著者からひとこと

最低賃金改革

最低賃金改革

最低賃金改革

    編著:大竹 文雄、川口 大司、鶴 光太郎

編著者による紹介文(本書「はしがき」より)

最低賃金に関する包括的な分析を行い、日本の最低賃金およびその政策のあり方を問う

本書の問題意識・目的

2012年末に発足した第2期安倍政権は、デフレ脱却を経済政策の最重要目標に掲げ、大胆な金融、財政政策を矢継ぎ早に実施した。そうした中で、2013年2月には、安倍総理は経済界との意見交換の場で労働者の賃金引き上げを要請した。デフレ脱却、円高是正により日本経済が成長の軌道に乗るためには、やはり、こうした動きが働く人の所得の増大につながる必要があるからだ。実際、いくつかの企業では要請など踏まえて、賃金を引き上げる動きもでてきている。

デフレ脱却は金融政策だけでは困難であることはいうまでもない。物価と賃金の相互関係を考慮すると、デフレ脱却に向けて「金融政策」と「賃金上昇」が車の「両輪」になる必要がある。しかしながら、賃金上昇を企業に強制するのは副作用も大きく、あくまでも企業の収益増、生産性上昇が賃金上昇の前提となるべきである。

こうした中で、政府が主体的に賃金引き上げを行う手段として注目されているのが、最低賃金である。第2期安倍政権の「成長戦略」でも「持続的な経済成長に向けた最低賃金の引上げのための環境整備」という視点から、「全ての所得層での賃金上昇と企業収益向上の好循環を実現できるよう、今後の経済運営を見据え、最低賃金の引き上げに努める。その際、中小企業・小規模事業者の生産性向上等のための支援を拡充する」と言及されている。

日本において最低賃金が労働・賃金政策として特に脚光を浴びるようになったのは、格差問題が社会・政治問題化した2006~2007年頃からである。第1期安倍政権の2007年には官邸に政労使公益からなる「成長力底上げ戦略推進円卓会議」が立ちあげられ、最低賃金の引き上げと中小企業の生産性向上支援が実施されるようになった。また、2007年には最低賃金法改正が成立し、最低賃金の決定の際に生活保護に係る施策との整合性に配慮することとなった。

こうした流れは、2009 年に民主党政権になり加速した。翌年、2010年6月に策定された政府の「新成長戦略」では、民主党のマニフェストに沿って、「最低賃金について、できる限り早期に全国最低800円を確保し、景気状況に配慮しつつ、全国平均1000円を目指す」ことが決められ、2020年までに達成すべき最低賃金の水準として「全国最低800円、全国平均1000円」という目標が設定された。その結果、最低賃金は、都市部を中心に大きく引き上げられるようになり、2ケタの伸びを示すようになった。
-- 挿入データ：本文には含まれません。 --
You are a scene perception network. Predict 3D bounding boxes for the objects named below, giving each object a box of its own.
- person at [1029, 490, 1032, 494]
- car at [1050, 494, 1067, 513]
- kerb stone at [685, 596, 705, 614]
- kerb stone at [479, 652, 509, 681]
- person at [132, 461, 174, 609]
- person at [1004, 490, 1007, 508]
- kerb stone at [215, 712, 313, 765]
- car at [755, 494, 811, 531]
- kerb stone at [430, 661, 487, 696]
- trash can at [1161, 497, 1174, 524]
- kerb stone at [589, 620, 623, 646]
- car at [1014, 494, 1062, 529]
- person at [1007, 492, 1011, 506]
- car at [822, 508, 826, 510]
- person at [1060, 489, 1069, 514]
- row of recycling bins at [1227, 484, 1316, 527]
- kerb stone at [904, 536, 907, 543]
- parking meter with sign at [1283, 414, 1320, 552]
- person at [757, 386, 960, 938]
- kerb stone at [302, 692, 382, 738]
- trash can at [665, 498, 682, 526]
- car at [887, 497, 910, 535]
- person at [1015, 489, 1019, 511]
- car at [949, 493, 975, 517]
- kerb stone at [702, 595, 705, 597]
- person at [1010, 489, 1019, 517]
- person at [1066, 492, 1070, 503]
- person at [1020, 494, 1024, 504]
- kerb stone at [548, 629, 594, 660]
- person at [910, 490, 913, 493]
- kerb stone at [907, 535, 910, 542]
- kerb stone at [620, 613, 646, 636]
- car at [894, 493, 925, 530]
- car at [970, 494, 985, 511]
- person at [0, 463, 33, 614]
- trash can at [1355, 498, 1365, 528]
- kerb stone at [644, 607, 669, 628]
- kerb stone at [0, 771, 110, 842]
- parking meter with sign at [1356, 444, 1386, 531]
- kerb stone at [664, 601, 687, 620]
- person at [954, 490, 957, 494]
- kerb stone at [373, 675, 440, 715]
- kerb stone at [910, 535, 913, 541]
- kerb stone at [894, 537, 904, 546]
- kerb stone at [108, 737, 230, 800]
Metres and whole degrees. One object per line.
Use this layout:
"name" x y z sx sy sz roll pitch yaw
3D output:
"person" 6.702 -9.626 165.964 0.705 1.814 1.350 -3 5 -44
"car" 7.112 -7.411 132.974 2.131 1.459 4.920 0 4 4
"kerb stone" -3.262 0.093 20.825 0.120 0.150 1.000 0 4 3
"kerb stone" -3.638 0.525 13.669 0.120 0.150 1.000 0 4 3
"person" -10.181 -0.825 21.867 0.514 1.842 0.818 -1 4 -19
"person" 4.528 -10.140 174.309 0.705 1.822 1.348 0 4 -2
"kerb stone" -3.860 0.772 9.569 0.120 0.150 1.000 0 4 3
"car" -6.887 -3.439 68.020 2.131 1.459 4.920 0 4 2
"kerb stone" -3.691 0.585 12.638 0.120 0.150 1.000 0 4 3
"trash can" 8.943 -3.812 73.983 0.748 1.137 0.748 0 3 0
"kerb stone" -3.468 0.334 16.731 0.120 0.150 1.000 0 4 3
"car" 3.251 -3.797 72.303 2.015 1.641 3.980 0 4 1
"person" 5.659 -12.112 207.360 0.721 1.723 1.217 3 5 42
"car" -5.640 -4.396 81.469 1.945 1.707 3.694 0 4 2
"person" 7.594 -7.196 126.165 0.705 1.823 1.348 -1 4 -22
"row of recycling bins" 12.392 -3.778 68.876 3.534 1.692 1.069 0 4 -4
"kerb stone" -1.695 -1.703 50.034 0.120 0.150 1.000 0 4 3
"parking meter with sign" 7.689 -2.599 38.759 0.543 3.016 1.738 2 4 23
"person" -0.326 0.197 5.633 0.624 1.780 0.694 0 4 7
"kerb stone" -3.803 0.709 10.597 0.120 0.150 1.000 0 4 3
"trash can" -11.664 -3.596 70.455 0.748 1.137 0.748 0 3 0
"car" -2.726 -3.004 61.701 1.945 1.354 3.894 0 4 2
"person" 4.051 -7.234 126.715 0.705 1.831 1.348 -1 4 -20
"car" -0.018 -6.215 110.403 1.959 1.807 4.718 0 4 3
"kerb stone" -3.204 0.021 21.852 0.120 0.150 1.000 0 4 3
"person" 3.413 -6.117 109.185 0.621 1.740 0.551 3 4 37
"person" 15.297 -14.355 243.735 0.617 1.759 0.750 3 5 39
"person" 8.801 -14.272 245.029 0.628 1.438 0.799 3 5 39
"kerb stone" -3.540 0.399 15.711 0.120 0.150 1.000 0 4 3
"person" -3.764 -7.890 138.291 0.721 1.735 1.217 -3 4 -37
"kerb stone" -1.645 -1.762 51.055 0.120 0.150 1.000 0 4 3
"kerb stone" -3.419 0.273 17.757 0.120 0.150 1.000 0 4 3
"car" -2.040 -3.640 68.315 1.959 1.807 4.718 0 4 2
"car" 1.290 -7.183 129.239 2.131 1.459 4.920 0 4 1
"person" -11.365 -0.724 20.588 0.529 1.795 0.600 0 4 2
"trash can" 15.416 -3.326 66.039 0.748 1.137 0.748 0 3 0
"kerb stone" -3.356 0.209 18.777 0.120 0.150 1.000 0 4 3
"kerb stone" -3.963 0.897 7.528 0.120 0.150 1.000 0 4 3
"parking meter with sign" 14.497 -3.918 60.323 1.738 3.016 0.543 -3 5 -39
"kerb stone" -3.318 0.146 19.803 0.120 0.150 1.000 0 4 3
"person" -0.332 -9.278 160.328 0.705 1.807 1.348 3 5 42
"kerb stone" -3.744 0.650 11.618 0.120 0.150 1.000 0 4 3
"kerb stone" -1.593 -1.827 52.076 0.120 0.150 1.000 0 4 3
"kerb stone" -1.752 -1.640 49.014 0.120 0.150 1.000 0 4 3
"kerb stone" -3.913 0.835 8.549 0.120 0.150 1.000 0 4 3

このように最低賃金政策は近年大きな変化を経験したが、それ以前においては分析対象としての最低賃金への関心も限定的であり、海外の研究成果についての紹介、日本における最低賃金に関わる経済分析の蓄積、最低賃金を巡る政策論議はいずれも十分とはいえない状況であった。そのため、政策決定に当たって、エビデンスに基づいた綿密な議論が必ずしも行われてこなかったのも事実である。 本書は、こうした状況を打破するため、内外の最低賃金に関する理論的、実証的な研究を包括的に紹介し、こうした研究の到達点がどこにあるのか明らかにしている。その上で、近年の政策変化の影響を分析することが可能な、いくつかの異なる大規模なミクロ・パネルデータを使って、最低賃金に関する包括的な分析を行い、日本の最低賃金およびその政策のあり方について正面から政策提言を行うことを目的としている。

本書の構成と内容

第1章(鶴論文)では、海外や日本において行われてきた最低賃金に関する理論的、実証的な研究を包括的に紹介し、こうした研究の到達点の鳥瞰図を示している。政策的なインプリケーションとしては、(1) 最低賃金変動の影響を受けやすい労働者へ絞った分析は、ほぼ雇用へ負の効果を見出していることから、最低賃金を引き上げる際にも、なるべく緩やかな引き上げに止め、特定のグループが過度な負担を負うことがないようにすること、(2) 雇用のみならず、所得分布、労働時間、収益、価格、人的資本への影響を分析し、総合的な評価を行うこと、(3) 日本においてもエビデンスに基づいて最低賃金に関わる政策判断を行うような専門組織を検討すること、などを挙げている。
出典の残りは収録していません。